Russian journalists -- even those who admitted that many Russian regions were enjoying unchecked legislative freedoms -- were quick to criticize Putin's reforms. They accused the president of wanting to recreate the czarist administrative system, in which territorial units known as "gubernia" were ruled by a governor-general appointed by the czar in Saint Petersburg.

Many regional leaders, however, welcomed the new Kremlin course of action. Vladimir Nikitin is the chairman of the Kaliningrad regional Duma in the Northwest federal district. He says the reorganization will help Russia to have the same laws working everywhere:

"I agree with the president's decision [regarding the vertical power structure] because his aim is to unify the federal law and the laws [regulating] the regional districts. I'm sure that the establishment of these federal districts and the establishment of the president's representative will help Russia to have the same laws everywhere."

Both politicians said it was common for regional authorities to create laws meant to supercede Kremlin control. Anpilov says the Kursk region was no exception:

"A lot of regions used to enact local laws that contradicted the federal laws. For example, our former governor, [Alexander] Rutskoi, used to forbid the export of our agricultural produce [to other Russian regions]. It happened every year: in autumn, [Rutskoi] ordered the police to stop the crops from being exported. Is it possible to have such a situation in a market economy?"

Many journalists wrote at the time that Putin's federal reform sought to bring the country under more centralized control and suggested the president wanted to alter Russian democracy.

But Nikitin says his region has never felt any undue pressure from the Kremlin. He says that the role of the regions and the state are clearly outlined in the Russian Constitution:

"In the Russian Constitution it is clearly explained what the responsibilities of the state and the responsibilities of regional institutions should be. The two institutions are separate. I don't feel any pressure from the center, and I have never felt it."

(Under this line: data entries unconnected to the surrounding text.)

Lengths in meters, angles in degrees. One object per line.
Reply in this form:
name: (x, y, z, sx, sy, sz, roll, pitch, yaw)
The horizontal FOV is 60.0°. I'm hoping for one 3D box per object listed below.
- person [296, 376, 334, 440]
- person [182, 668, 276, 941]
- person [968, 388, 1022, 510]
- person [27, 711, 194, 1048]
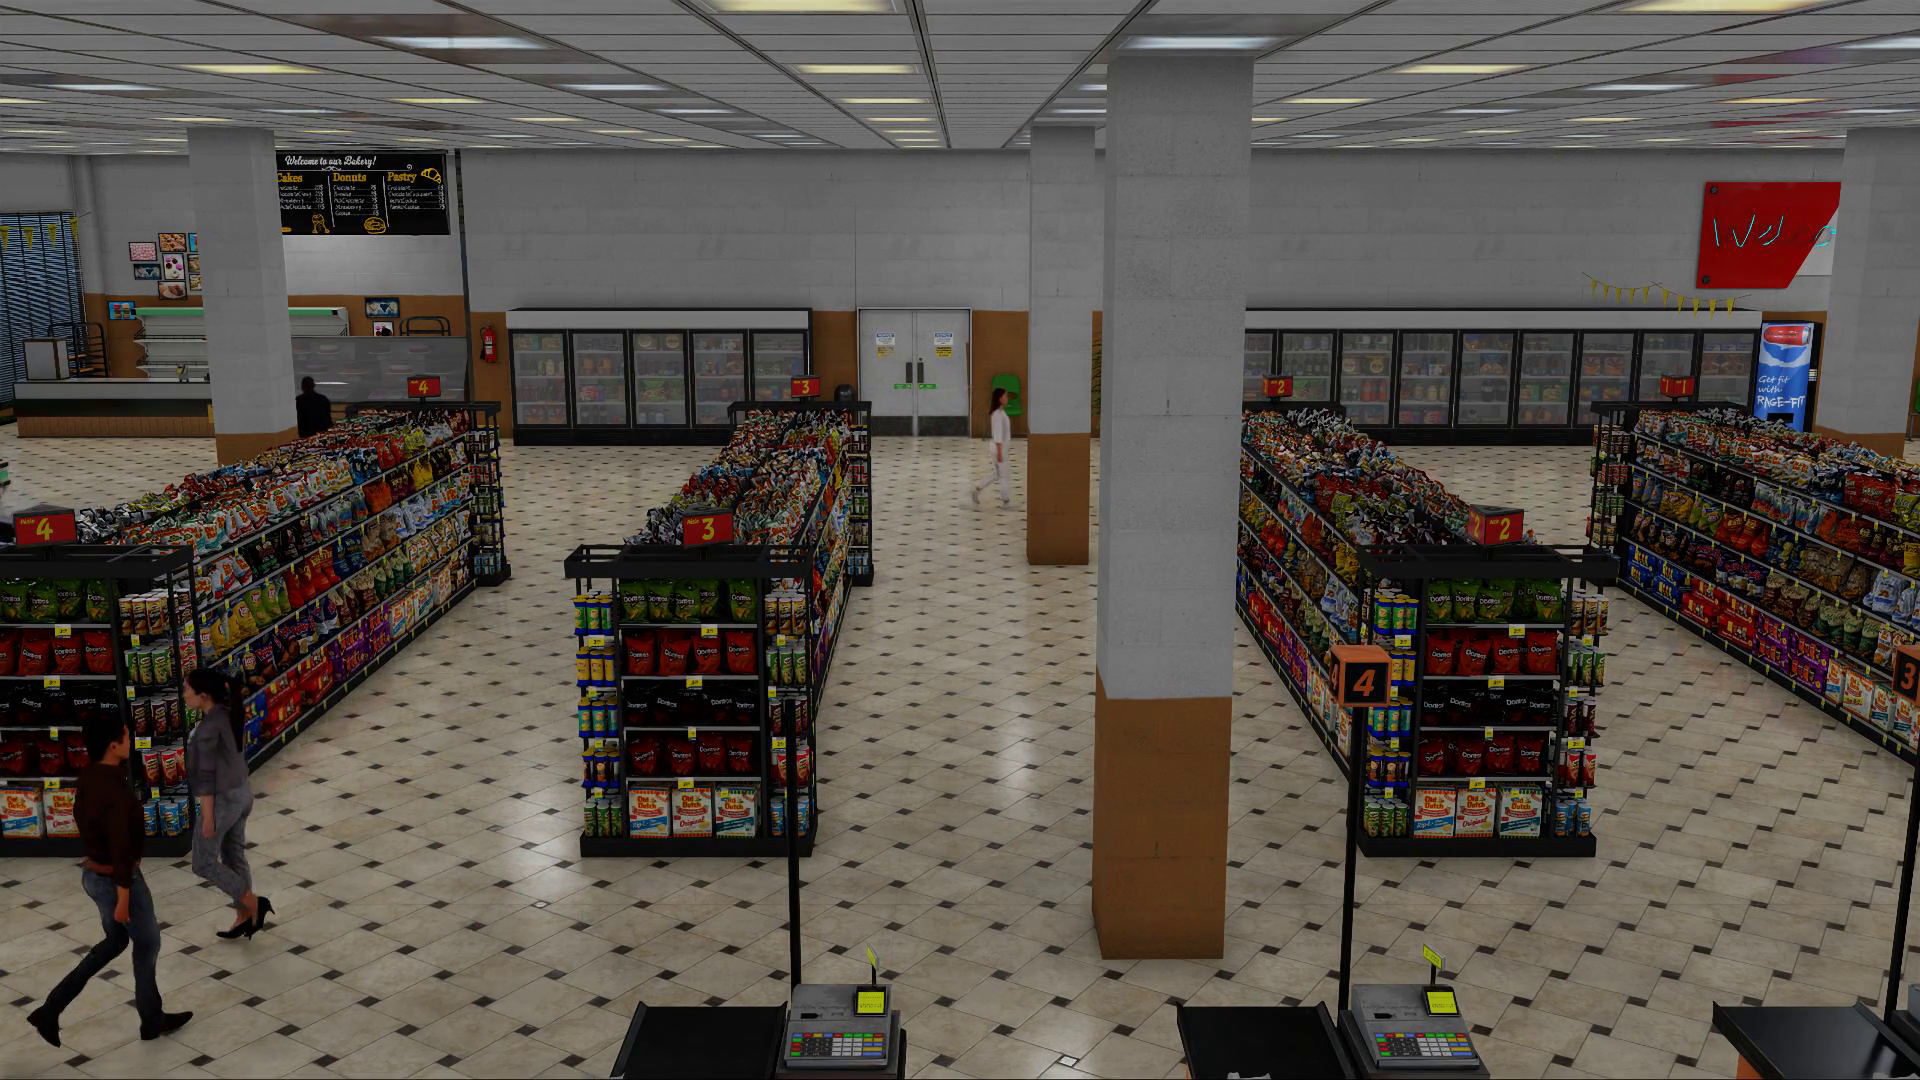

Anpilov says Putin's decision has not changed the way regional or democratic institutions work. He says many regions had already adopted an individual approach to democracy:

"Democracy in some regions like Primoriye [in the Far Eastern federal district] was understood in a very strange way. People had no heat and no electricity in winter, but at the same time they had democratic [institutions] like elections and election campaigns. But at the same time, their lives got worse and worse. This is the reason why politicians and citizens in Kursk support the new Kremlin decision."

Anpilov says that since last year's reform, his region has already altered 55 local laws that contradicted federal law. He says that the change of the local laws "has not weakened the Russian government, but strengthened it." Not all regional politicians, however, may feel the same.